EXERCISE DIRECTIONS:
Without the images, set down each entry exactly.

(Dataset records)
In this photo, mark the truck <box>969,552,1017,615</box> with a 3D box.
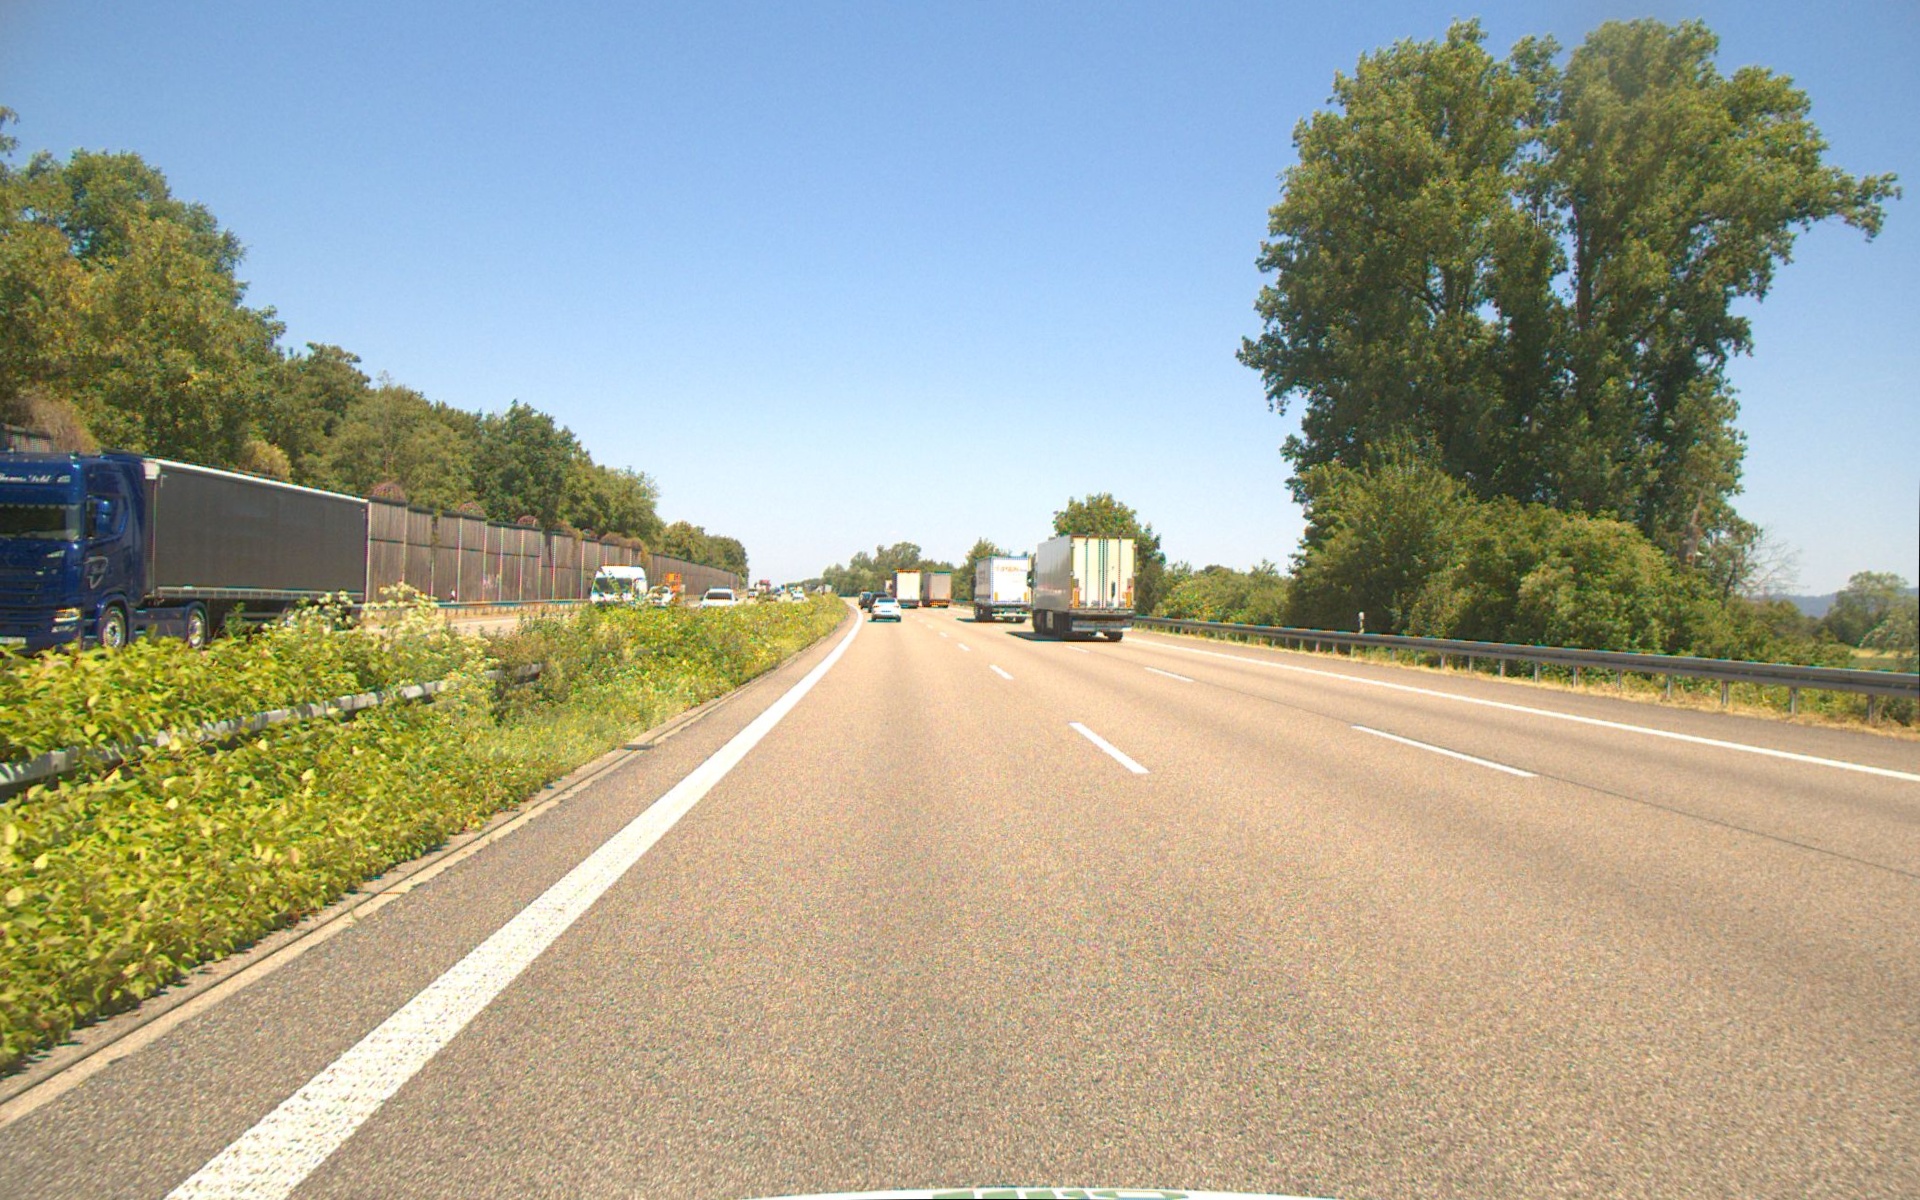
[{"bbox_3d":[2.264,-1.122,114.673,2.654,4.160,6.959,1,0,-4],"label":"truck"}]

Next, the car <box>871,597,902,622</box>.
[{"bbox_3d":[-4.553,0.575,101.681,1.818,1.512,3.997,1,0,-4],"label":"car"}]

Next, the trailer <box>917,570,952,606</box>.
[{"bbox_3d":[-3.156,-1.431,203.462,2.652,4.289,13.188,2,0,-8],"label":"trailer"}]

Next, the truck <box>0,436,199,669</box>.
[{"bbox_3d":[-17.787,-0.860,32.696,2.841,4.164,6.113,1,0,-3],"label":"truck"}]

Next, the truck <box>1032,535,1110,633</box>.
[{"bbox_3d":[4.965,-0.703,75.050,2.899,4.178,6.205,1,0,-2],"label":"truck"}]

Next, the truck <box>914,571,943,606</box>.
[{"bbox_3d":[-3.967,-1.438,209.491,2.641,4.289,7.824,2,0,-8],"label":"truck"}]

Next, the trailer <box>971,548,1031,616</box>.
[{"bbox_3d":[2.585,-1.112,109.432,2.654,4.160,14.140,1,0,-4],"label":"trailer"}]

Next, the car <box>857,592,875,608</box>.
[{"bbox_3d":[-9.640,-0.020,169.289,1.818,1.645,3.997,1,0,-4],"label":"car"}]

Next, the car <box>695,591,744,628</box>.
[{"bbox_3d":[-12.351,0.449,85.094,1.955,1.750,5.021,2,0,-3],"label":"car"}]

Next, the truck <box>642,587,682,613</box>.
[{"bbox_3d":[-22.220,-0.036,123.572,2.059,1.848,6.208,1,0,-2],"label":"truck"}]

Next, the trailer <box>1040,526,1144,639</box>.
[{"bbox_3d":[5.241,-0.682,68.279,2.899,4.178,12.528,1,0,-2],"label":"trailer"}]

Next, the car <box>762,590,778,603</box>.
[{"bbox_3d":[-26.056,-0.457,226.389,1.956,1.676,4.683,1,0,-9],"label":"car"}]

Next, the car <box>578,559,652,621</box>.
[{"bbox_3d":[-15.700,-0.461,75.612,2.121,2.585,6.786,2,0,-3],"label":"car"}]

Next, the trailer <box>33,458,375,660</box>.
[{"bbox_3d":[-18.154,-0.842,41.241,2.840,4.164,13.326,1,0,-2],"label":"trailer"}]

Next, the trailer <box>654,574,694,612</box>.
[{"bbox_3d":[-22.439,-0.558,129.914,2.197,2.824,6.506,1,0,-3],"label":"trailer"}]

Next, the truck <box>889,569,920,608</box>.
[{"bbox_3d":[-6.294,-1.258,186.850,2.654,4.157,13.459,2,0,-5],"label":"truck"}]

FINAL ANSWER:
In this photo, mark the truck <box>969,552,1017,615</box> with a 3D box.
[{"bbox_3d":[2.264,-1.122,114.673,2.654,4.160,6.959,1,0,-4],"label":"truck"}]

Next, the car <box>871,597,902,622</box>.
[{"bbox_3d":[-4.553,0.575,101.681,1.818,1.512,3.997,1,0,-4],"label":"car"}]

Next, the trailer <box>917,570,952,606</box>.
[{"bbox_3d":[-3.156,-1.431,203.462,2.652,4.289,13.188,2,0,-8],"label":"trailer"}]

Next, the truck <box>0,436,199,669</box>.
[{"bbox_3d":[-17.787,-0.860,32.696,2.841,4.164,6.113,1,0,-3],"label":"truck"}]

Next, the truck <box>1032,535,1110,633</box>.
[{"bbox_3d":[4.965,-0.703,75.050,2.899,4.178,6.205,1,0,-2],"label":"truck"}]

Next, the truck <box>914,571,943,606</box>.
[{"bbox_3d":[-3.967,-1.438,209.491,2.641,4.289,7.824,2,0,-8],"label":"truck"}]

Next, the trailer <box>971,548,1031,616</box>.
[{"bbox_3d":[2.585,-1.112,109.432,2.654,4.160,14.140,1,0,-4],"label":"trailer"}]

Next, the car <box>857,592,875,608</box>.
[{"bbox_3d":[-9.640,-0.020,169.289,1.818,1.645,3.997,1,0,-4],"label":"car"}]

Next, the car <box>695,591,744,628</box>.
[{"bbox_3d":[-12.351,0.449,85.094,1.955,1.750,5.021,2,0,-3],"label":"car"}]

Next, the truck <box>642,587,682,613</box>.
[{"bbox_3d":[-22.220,-0.036,123.572,2.059,1.848,6.208,1,0,-2],"label":"truck"}]

Next, the trailer <box>1040,526,1144,639</box>.
[{"bbox_3d":[5.241,-0.682,68.279,2.899,4.178,12.528,1,0,-2],"label":"trailer"}]

Next, the car <box>762,590,778,603</box>.
[{"bbox_3d":[-26.056,-0.457,226.389,1.956,1.676,4.683,1,0,-9],"label":"car"}]

Next, the car <box>578,559,652,621</box>.
[{"bbox_3d":[-15.700,-0.461,75.612,2.121,2.585,6.786,2,0,-3],"label":"car"}]

Next, the trailer <box>33,458,375,660</box>.
[{"bbox_3d":[-18.154,-0.842,41.241,2.840,4.164,13.326,1,0,-2],"label":"trailer"}]

Next, the trailer <box>654,574,694,612</box>.
[{"bbox_3d":[-22.439,-0.558,129.914,2.197,2.824,6.506,1,0,-3],"label":"trailer"}]

Next, the truck <box>889,569,920,608</box>.
[{"bbox_3d":[-6.294,-1.258,186.850,2.654,4.157,13.459,2,0,-5],"label":"truck"}]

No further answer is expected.